Exercise directions: The answer must be a single number: the count of lines in the listing that hold the string "classes".
====
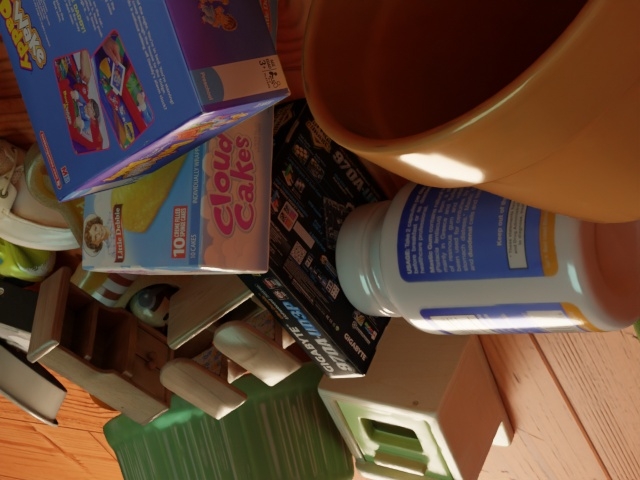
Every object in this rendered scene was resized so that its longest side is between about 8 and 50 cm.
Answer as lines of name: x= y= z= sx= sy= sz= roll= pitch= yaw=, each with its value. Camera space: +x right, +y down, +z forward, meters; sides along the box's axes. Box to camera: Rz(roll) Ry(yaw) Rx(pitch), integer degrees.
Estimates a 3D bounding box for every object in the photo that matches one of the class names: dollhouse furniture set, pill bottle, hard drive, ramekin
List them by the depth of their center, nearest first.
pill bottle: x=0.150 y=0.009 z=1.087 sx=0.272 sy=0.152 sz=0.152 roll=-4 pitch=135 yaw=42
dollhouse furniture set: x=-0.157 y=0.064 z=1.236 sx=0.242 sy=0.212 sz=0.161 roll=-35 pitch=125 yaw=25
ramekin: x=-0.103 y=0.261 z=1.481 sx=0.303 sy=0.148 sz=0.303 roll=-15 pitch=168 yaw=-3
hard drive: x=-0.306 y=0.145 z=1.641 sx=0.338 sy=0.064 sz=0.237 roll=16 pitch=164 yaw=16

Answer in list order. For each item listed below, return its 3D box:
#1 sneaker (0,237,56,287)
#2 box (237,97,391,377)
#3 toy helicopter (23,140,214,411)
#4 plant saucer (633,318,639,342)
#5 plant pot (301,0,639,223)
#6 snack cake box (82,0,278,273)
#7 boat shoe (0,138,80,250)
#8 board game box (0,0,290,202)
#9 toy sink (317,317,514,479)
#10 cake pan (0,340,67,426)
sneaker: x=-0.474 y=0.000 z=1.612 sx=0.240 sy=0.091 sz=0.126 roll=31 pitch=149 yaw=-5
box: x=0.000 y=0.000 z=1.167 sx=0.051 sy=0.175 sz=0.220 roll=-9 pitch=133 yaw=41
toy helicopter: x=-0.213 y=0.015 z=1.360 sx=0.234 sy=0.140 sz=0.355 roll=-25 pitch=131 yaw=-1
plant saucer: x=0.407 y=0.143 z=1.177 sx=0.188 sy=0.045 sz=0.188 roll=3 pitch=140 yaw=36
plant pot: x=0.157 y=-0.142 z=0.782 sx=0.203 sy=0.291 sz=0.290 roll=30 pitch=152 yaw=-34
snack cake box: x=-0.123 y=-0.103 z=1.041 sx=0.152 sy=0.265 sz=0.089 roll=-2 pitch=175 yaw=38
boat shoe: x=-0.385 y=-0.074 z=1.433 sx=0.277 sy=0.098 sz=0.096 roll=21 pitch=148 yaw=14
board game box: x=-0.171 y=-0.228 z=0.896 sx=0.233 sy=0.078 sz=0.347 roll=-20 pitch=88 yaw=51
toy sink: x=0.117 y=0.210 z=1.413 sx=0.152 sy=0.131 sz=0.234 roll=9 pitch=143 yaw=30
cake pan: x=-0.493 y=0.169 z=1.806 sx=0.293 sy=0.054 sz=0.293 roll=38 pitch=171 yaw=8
====
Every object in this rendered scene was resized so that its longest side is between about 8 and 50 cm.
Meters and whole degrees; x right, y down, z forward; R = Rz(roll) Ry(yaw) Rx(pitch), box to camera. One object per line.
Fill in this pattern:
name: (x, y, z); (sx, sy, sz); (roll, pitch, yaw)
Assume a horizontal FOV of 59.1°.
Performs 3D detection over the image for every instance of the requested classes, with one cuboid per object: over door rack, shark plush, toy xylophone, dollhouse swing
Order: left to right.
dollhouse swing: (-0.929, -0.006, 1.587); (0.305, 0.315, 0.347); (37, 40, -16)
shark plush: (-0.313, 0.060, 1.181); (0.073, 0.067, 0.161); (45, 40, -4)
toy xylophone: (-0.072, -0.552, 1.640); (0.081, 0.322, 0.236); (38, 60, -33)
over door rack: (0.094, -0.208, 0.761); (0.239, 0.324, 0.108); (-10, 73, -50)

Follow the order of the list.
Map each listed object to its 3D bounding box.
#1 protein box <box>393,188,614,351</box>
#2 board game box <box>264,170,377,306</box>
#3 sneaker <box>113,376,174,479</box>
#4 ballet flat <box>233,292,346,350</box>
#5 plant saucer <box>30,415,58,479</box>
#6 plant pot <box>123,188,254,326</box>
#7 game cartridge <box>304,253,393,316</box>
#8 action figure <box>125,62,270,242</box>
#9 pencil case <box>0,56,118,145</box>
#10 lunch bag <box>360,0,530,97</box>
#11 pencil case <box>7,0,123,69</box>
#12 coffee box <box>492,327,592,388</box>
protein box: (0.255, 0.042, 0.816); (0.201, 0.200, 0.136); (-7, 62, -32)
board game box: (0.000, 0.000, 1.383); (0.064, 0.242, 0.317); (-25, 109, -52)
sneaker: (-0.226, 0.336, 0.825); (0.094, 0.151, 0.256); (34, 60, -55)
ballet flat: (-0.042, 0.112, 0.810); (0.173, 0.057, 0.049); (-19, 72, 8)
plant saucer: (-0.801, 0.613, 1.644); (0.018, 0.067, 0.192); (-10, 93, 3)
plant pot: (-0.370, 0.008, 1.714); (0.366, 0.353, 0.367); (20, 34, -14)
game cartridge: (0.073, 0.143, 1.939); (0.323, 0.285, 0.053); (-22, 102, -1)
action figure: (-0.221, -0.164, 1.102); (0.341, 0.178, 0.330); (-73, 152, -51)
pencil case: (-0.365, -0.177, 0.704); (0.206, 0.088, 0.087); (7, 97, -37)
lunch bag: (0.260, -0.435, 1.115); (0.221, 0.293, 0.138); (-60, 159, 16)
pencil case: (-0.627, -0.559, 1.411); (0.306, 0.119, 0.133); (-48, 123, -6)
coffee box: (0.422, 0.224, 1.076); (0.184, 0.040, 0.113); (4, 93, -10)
====
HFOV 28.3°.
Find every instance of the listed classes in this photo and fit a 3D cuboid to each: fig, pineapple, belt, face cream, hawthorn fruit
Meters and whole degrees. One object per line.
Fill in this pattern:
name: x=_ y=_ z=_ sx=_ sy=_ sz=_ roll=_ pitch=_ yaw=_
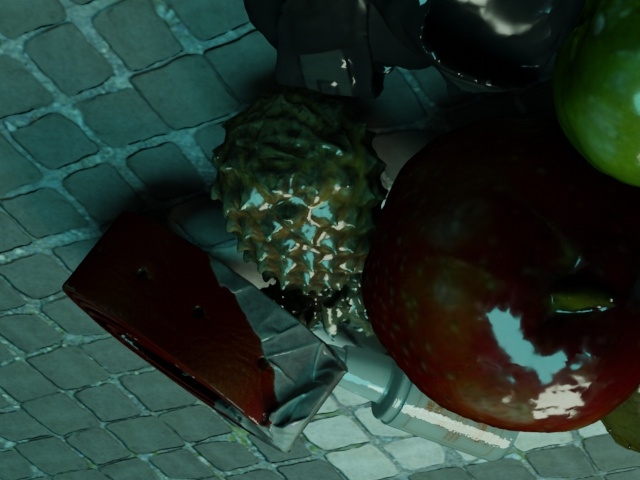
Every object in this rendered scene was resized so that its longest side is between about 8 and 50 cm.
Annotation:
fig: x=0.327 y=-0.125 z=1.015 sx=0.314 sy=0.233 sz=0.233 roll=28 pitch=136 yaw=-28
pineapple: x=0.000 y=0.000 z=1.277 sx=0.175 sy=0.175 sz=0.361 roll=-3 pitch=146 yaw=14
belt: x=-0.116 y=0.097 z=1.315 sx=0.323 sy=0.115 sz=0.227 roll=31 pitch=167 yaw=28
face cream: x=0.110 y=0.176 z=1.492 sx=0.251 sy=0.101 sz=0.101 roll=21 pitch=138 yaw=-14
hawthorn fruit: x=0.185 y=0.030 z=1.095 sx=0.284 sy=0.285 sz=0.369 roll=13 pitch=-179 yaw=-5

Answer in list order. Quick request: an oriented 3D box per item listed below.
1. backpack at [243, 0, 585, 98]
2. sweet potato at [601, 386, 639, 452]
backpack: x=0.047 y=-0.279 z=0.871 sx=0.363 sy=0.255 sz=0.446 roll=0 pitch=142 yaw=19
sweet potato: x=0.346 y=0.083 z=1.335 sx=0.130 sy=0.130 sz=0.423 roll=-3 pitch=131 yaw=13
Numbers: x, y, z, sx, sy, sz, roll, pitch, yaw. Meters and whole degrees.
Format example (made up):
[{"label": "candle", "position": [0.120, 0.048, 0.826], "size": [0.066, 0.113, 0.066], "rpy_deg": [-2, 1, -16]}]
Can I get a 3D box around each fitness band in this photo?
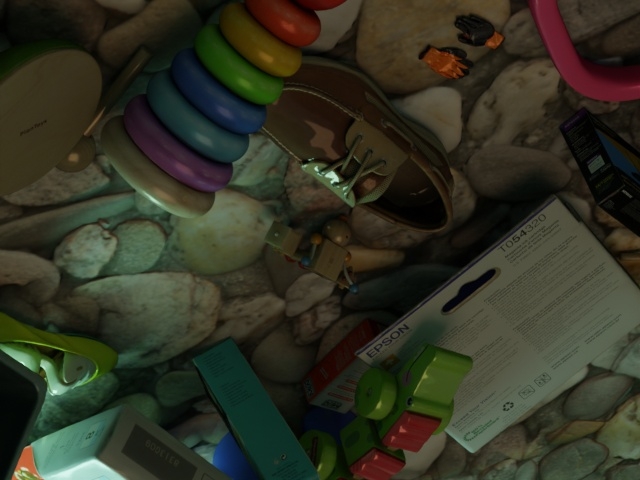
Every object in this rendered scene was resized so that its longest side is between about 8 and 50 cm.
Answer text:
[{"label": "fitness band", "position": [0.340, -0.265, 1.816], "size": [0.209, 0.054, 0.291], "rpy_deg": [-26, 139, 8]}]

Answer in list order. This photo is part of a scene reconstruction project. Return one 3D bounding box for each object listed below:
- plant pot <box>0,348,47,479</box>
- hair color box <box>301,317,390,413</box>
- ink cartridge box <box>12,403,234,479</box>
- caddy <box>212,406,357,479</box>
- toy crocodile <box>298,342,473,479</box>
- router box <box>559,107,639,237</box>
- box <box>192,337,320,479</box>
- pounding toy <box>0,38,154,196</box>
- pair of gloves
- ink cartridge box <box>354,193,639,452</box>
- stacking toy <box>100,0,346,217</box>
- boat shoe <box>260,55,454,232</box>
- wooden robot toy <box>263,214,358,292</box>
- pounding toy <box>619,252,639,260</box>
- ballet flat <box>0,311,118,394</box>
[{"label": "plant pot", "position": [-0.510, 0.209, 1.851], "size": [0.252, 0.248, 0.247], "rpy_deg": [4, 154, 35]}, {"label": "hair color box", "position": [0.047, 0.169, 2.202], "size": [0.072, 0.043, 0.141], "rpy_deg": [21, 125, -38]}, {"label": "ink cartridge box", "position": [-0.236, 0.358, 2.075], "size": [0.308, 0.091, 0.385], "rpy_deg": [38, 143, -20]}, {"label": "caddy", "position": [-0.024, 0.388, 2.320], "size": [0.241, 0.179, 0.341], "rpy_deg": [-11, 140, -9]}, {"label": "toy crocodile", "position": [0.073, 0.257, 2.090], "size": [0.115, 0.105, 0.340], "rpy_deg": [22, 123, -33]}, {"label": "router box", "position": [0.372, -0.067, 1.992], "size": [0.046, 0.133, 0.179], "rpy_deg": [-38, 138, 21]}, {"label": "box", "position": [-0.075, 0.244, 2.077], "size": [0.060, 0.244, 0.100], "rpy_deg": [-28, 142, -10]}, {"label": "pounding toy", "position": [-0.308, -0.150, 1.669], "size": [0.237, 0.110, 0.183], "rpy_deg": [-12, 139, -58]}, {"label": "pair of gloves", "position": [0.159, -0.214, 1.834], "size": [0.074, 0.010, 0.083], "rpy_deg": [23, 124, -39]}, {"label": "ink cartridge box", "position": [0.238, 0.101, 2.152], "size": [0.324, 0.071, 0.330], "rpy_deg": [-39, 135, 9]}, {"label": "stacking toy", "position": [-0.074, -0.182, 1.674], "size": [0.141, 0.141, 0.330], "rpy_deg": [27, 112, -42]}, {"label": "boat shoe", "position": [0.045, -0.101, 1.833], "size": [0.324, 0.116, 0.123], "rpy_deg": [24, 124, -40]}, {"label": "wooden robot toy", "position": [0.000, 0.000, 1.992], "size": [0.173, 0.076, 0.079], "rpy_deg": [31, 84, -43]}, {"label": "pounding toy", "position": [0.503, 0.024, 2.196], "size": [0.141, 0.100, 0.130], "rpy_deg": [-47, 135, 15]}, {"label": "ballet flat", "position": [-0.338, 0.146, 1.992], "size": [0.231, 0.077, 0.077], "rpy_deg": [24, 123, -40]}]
====
Exercise output: 2